TASK ITEM: For this exercise, reproduce the records exactly as they stand and do not carry any images over.

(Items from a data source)
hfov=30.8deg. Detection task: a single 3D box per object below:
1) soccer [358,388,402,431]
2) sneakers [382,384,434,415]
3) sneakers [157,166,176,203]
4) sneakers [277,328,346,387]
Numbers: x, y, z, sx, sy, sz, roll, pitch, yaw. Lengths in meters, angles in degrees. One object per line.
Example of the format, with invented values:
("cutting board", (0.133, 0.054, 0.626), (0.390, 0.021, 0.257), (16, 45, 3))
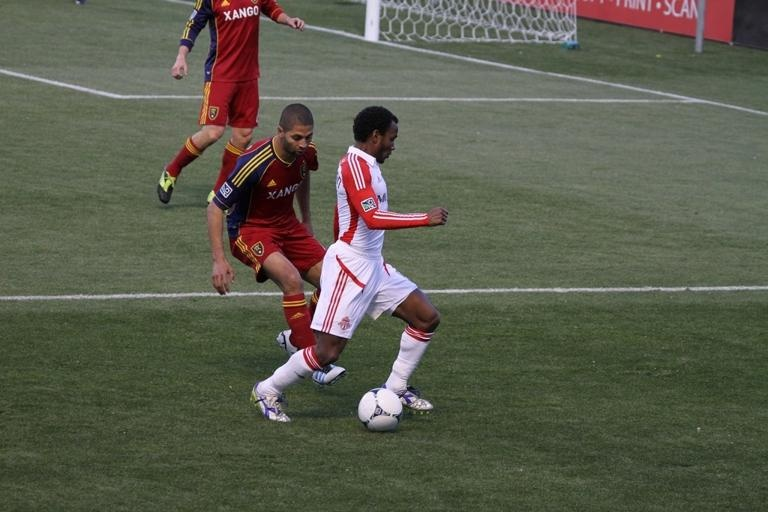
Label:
("soccer", (-0.021, 1.281, 12.367), (0.418, 0.365, 0.374), (6, 30, -3))
("sneakers", (0.273, 1.272, 12.553), (0.538, 0.230, 0.181), (17, 15, -5))
("sneakers", (-2.495, -0.805, 15.749), (0.164, 0.428, 0.187), (7, 1, -30))
("sneakers", (-0.642, 0.916, 12.493), (0.627, 0.200, 0.277), (32, -11, 6))

RESPONSE TO THIS TASK:
hfov=30.8deg. Detection task: a single 3D box per object below:
1) soccer [358,388,402,431]
2) sneakers [382,384,434,415]
3) sneakers [157,166,176,203]
4) sneakers [277,328,346,387]
Numbers: x, y, z, sx, sy, sz, roll, pitch, yaw. Lengths in meters, angles in degrees. One object per line.
Example of the format, with invented values:
("cutting board", (0.133, 0.054, 0.626), (0.390, 0.021, 0.257), (16, 45, 3))
Label:
("soccer", (-0.021, 1.281, 12.367), (0.418, 0.365, 0.374), (6, 30, -3))
("sneakers", (0.273, 1.272, 12.553), (0.538, 0.230, 0.181), (17, 15, -5))
("sneakers", (-2.495, -0.805, 15.749), (0.164, 0.428, 0.187), (7, 1, -30))
("sneakers", (-0.642, 0.916, 12.493), (0.627, 0.200, 0.277), (32, -11, 6))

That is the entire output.